## Task material:
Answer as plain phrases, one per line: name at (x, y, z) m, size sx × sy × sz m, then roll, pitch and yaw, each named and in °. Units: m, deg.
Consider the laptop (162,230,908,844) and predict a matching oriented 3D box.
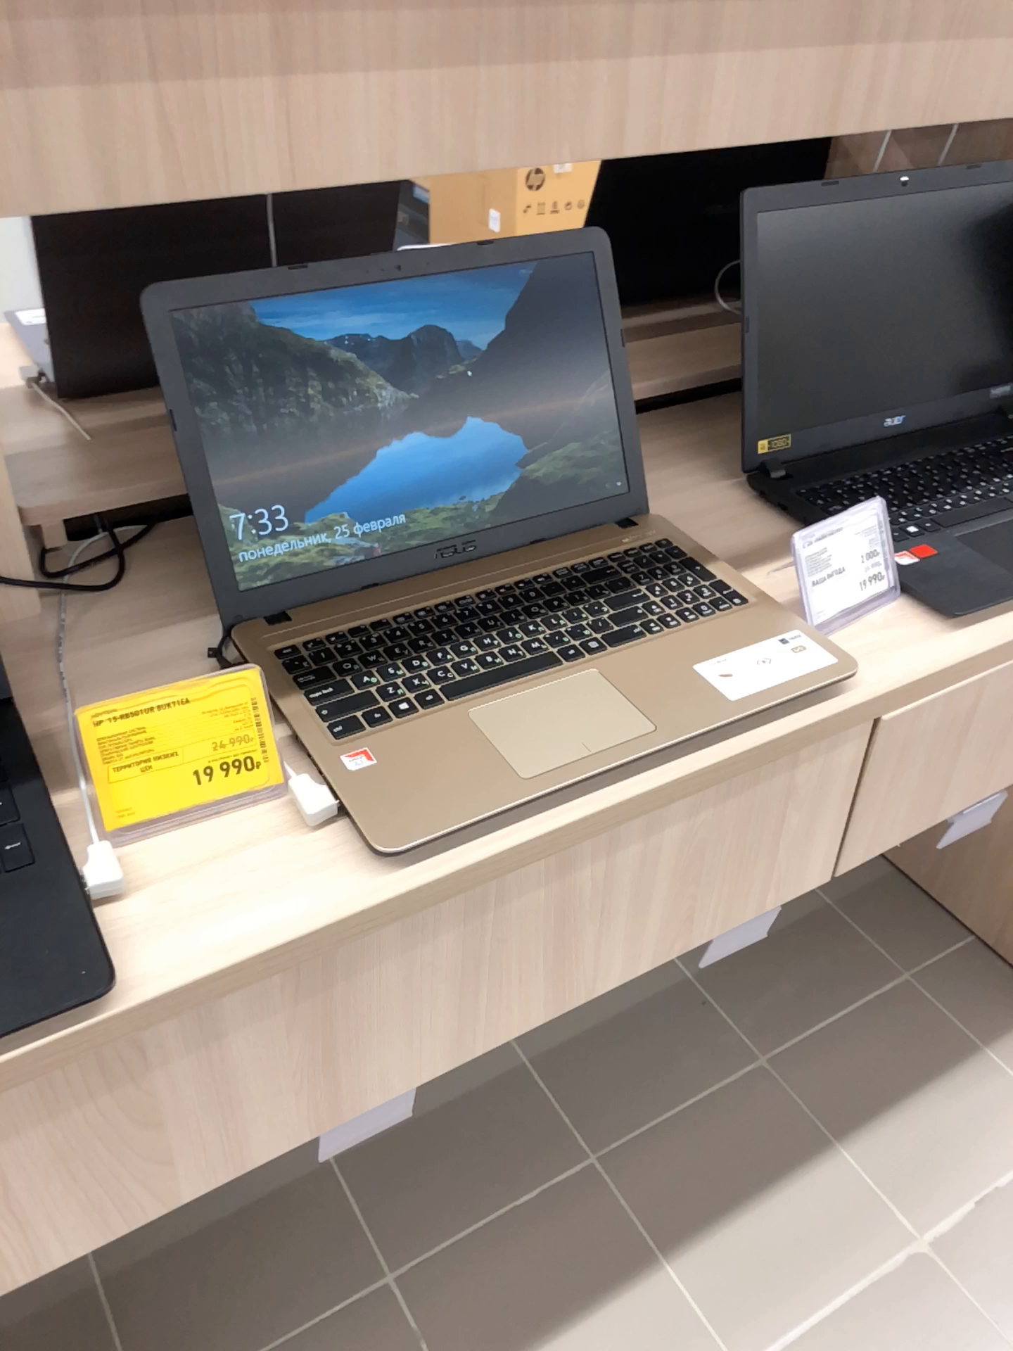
laptop at (0.004, -0.137, 0.781) m, size 0.367 × 0.208 × 0.351 m, roll -18°, pitch 42°, yaw -27°
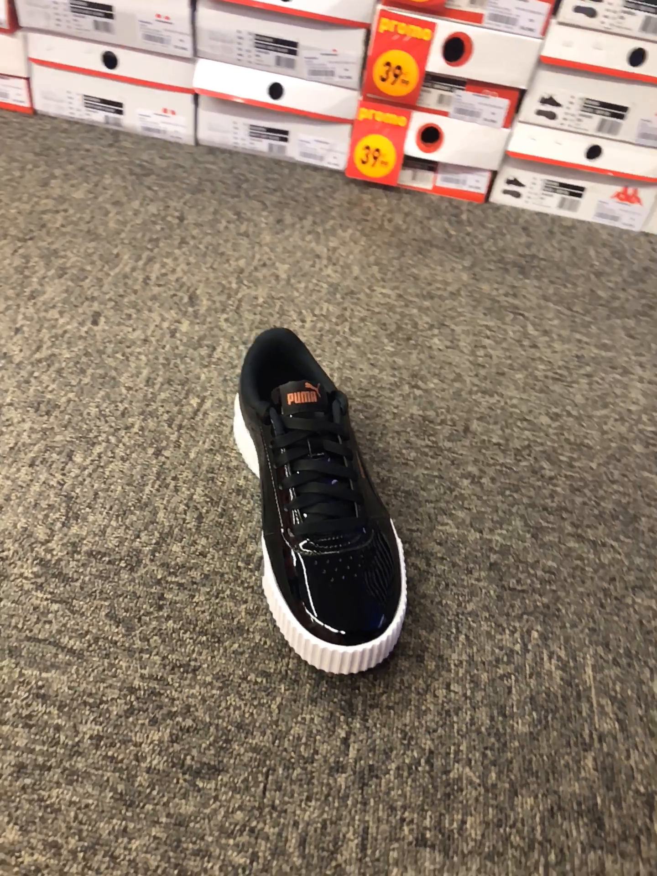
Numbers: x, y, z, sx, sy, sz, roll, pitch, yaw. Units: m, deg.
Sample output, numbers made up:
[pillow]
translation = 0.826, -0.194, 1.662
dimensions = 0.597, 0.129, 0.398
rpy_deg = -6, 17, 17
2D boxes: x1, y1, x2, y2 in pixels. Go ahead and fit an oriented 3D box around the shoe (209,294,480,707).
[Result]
[shoe]
translation = -0.008, 0.026, 0.493
dimensions = 0.100, 0.099, 0.261
rpy_deg = -7, 50, -17
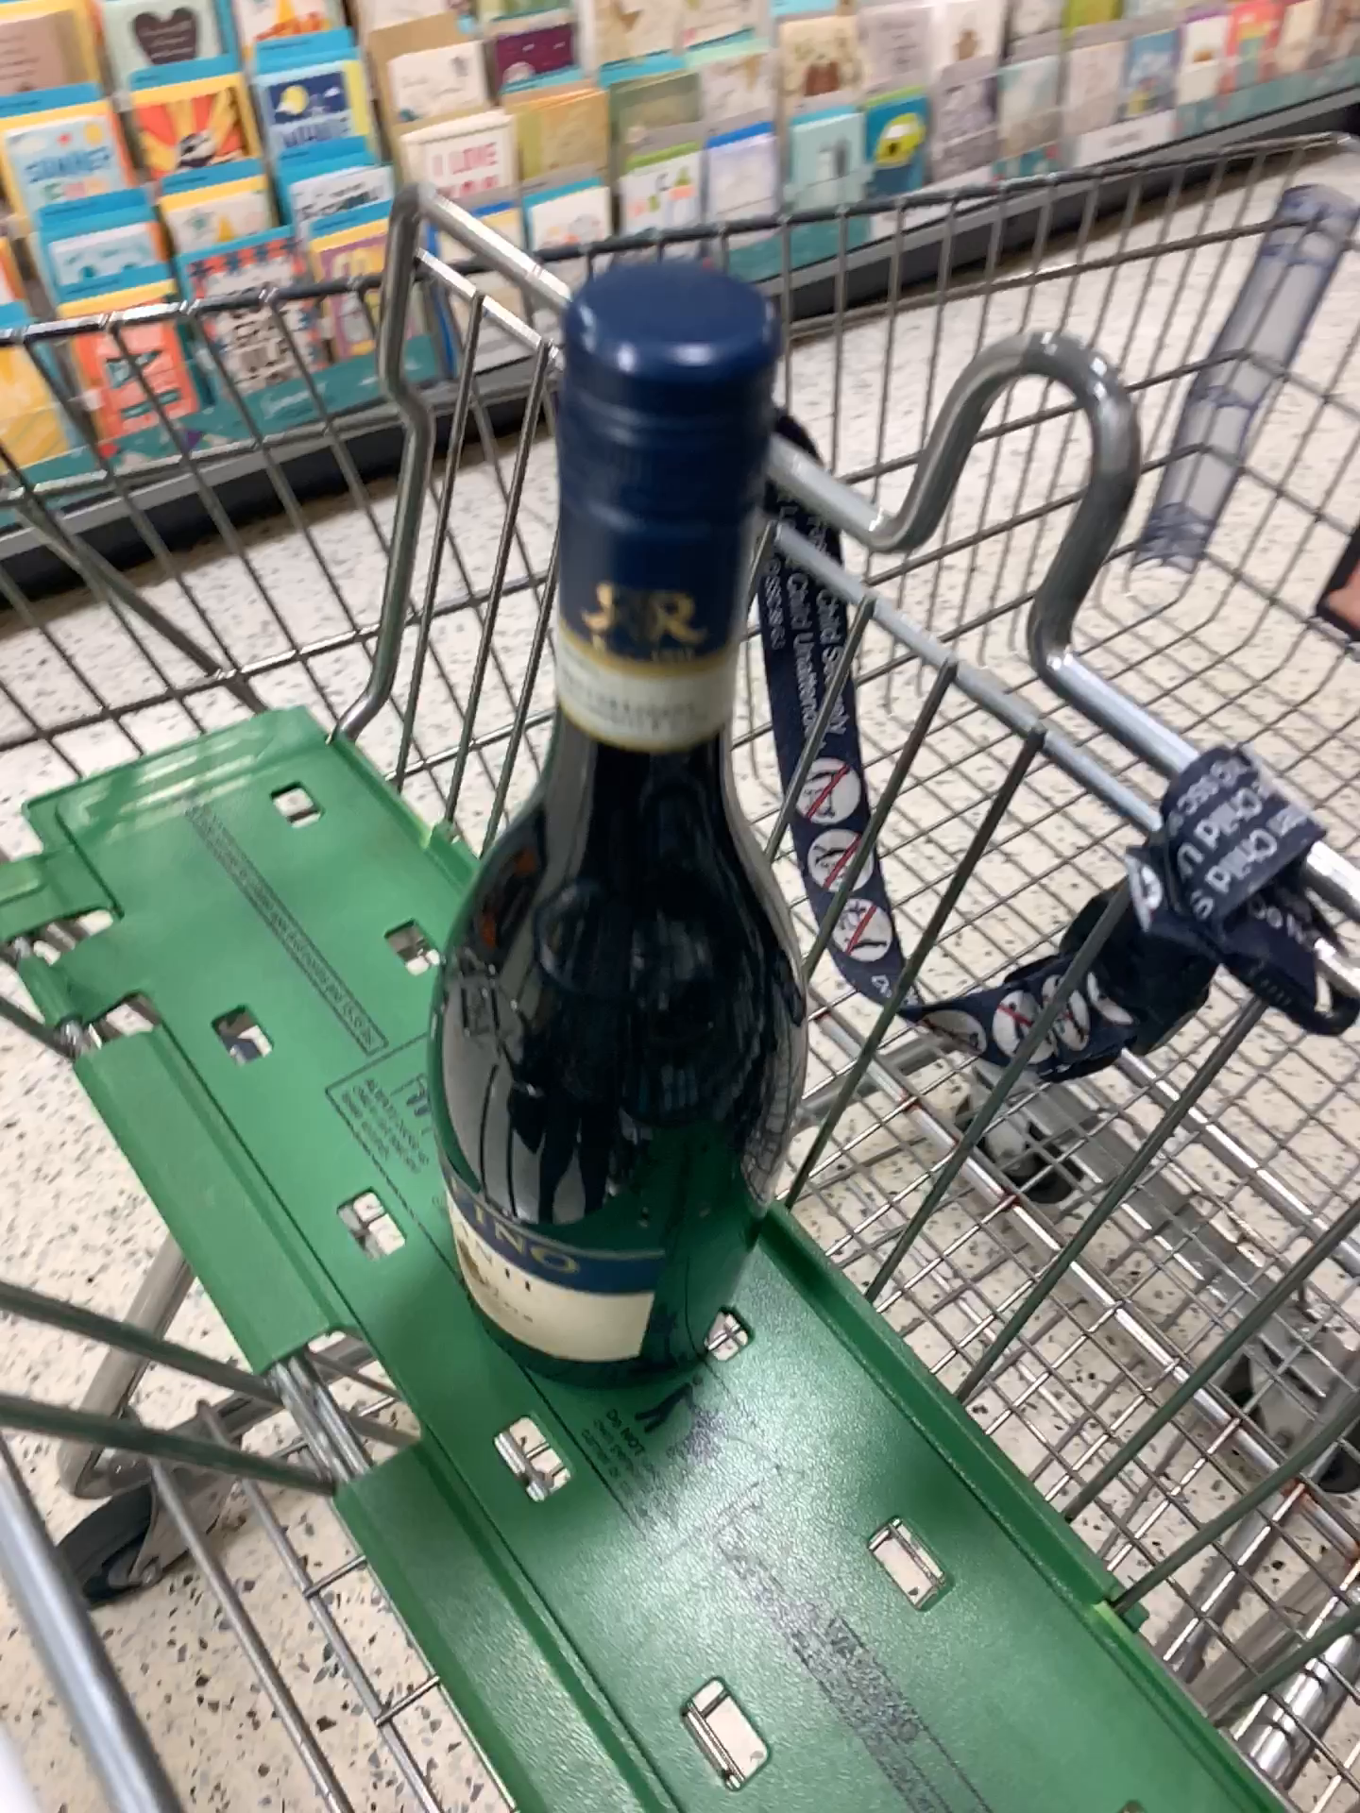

## Task prompt:
Give back exactly the lines from the one with "dimensions = 0.597, 0.129, 0.398" through the end of the records above, inclusive, and omit any pictures.

## Finished exercise:
dimensions = 0.597, 0.129, 0.398
rpy_deg = -6, 17, 17
2D boxes: x1, y1, x2, y2 in pixels. Go ahead and fit an oriented 3D box around the shoe (209,294,480,707).
[Result]
[shoe]
translation = -0.008, 0.026, 0.493
dimensions = 0.100, 0.099, 0.261
rpy_deg = -7, 50, -17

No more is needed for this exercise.